**EXERCISE INSTRUCTIONS**: Your task is to return the listing below word for word, without any of its images.

**PROVIDED ENTRIES**:
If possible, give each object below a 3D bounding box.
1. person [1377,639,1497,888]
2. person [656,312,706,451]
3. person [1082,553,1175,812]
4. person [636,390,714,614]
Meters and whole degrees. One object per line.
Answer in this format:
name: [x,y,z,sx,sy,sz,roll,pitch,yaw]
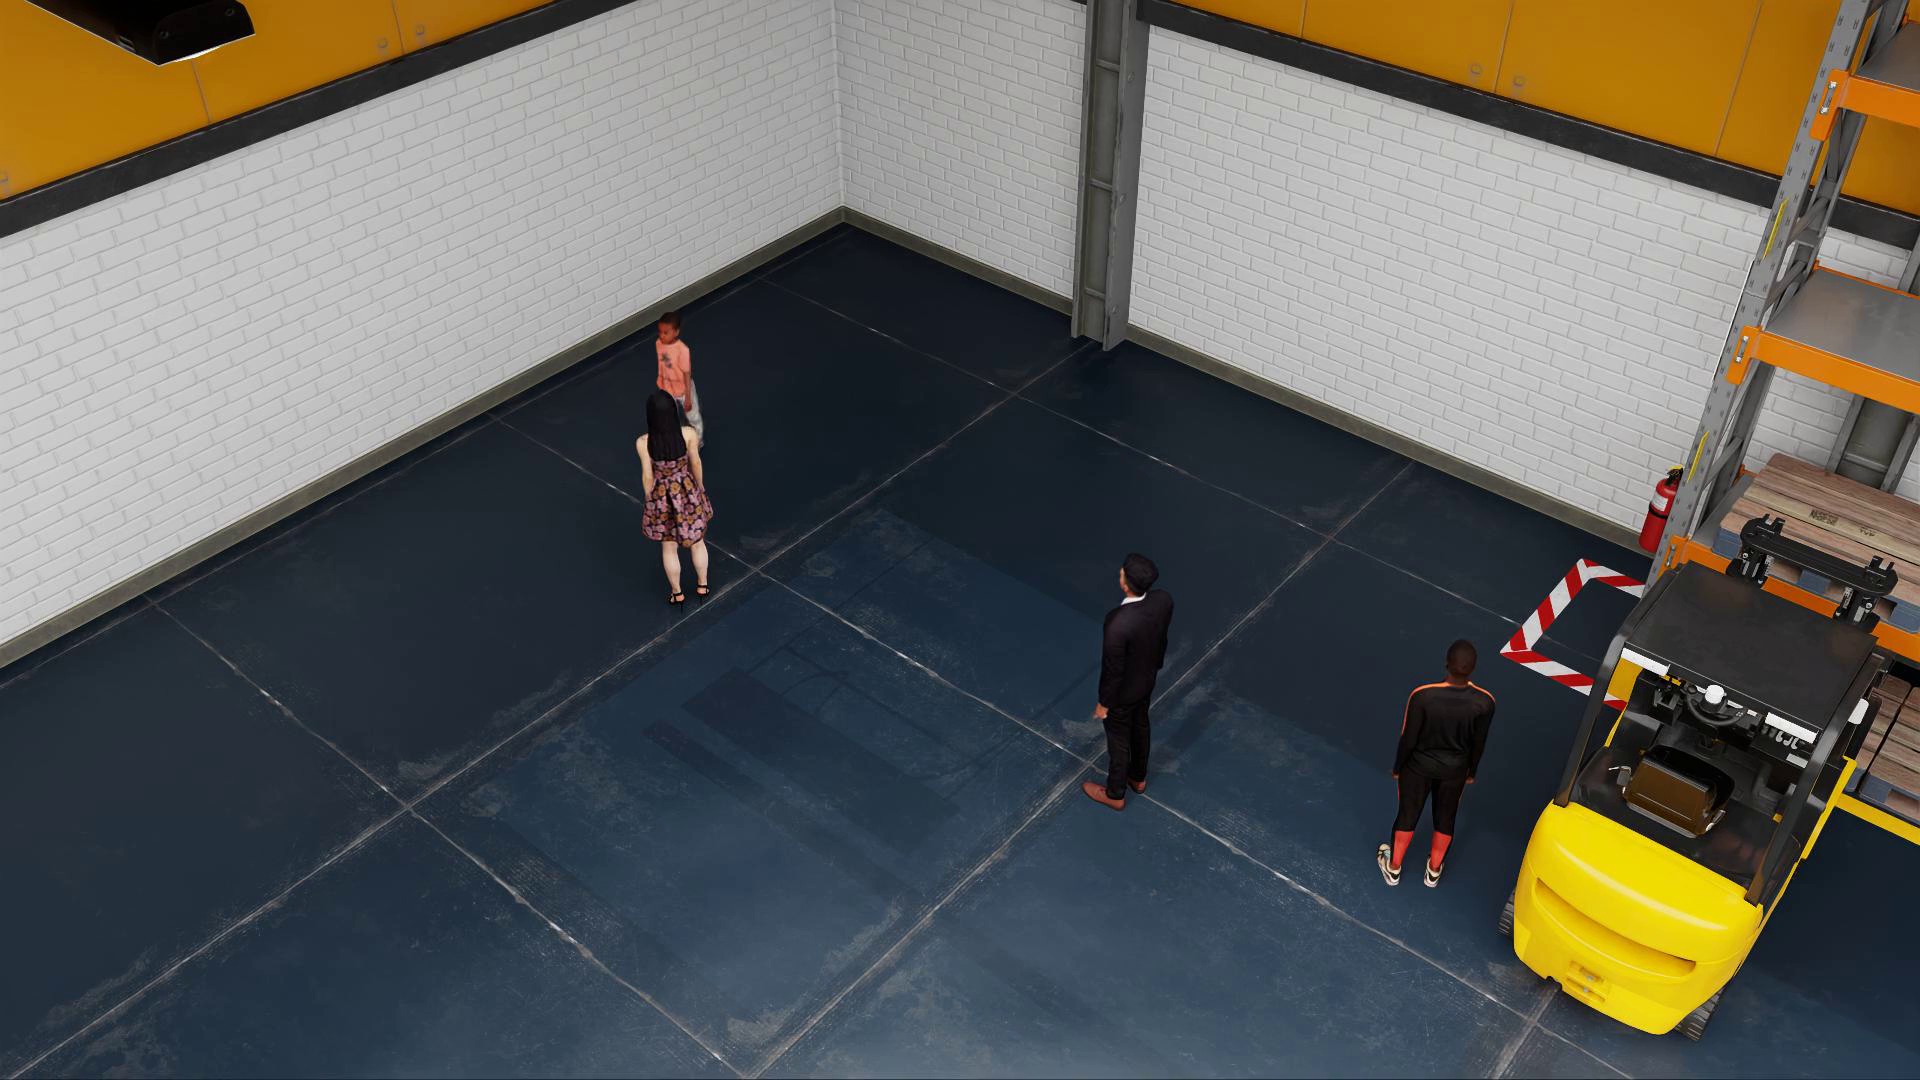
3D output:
person: [2.663,1.258,9.297,0.652,1.810,0.760,5,39,6]
person: [-2.133,-1.207,12.800,0.744,1.291,0.634,21,43,24]
person: [0.999,0.835,9.767,0.556,1.884,0.702,30,48,32]
person: [-1.923,-0.263,11.230,0.785,1.775,0.818,-15,41,-17]

**THE ANSWER**:
If possible, give each object below a 3D bounding box.
1. person [1377,639,1497,888]
2. person [656,312,706,451]
3. person [1082,553,1175,812]
4. person [636,390,714,614]
Meters and whole degrees. One object per line.
Answer in this format:
name: [x,y,z,sx,sy,sz,roll,pitch,yaw]
3D output:
person: [2.663,1.258,9.297,0.652,1.810,0.760,5,39,6]
person: [-2.133,-1.207,12.800,0.744,1.291,0.634,21,43,24]
person: [0.999,0.835,9.767,0.556,1.884,0.702,30,48,32]
person: [-1.923,-0.263,11.230,0.785,1.775,0.818,-15,41,-17]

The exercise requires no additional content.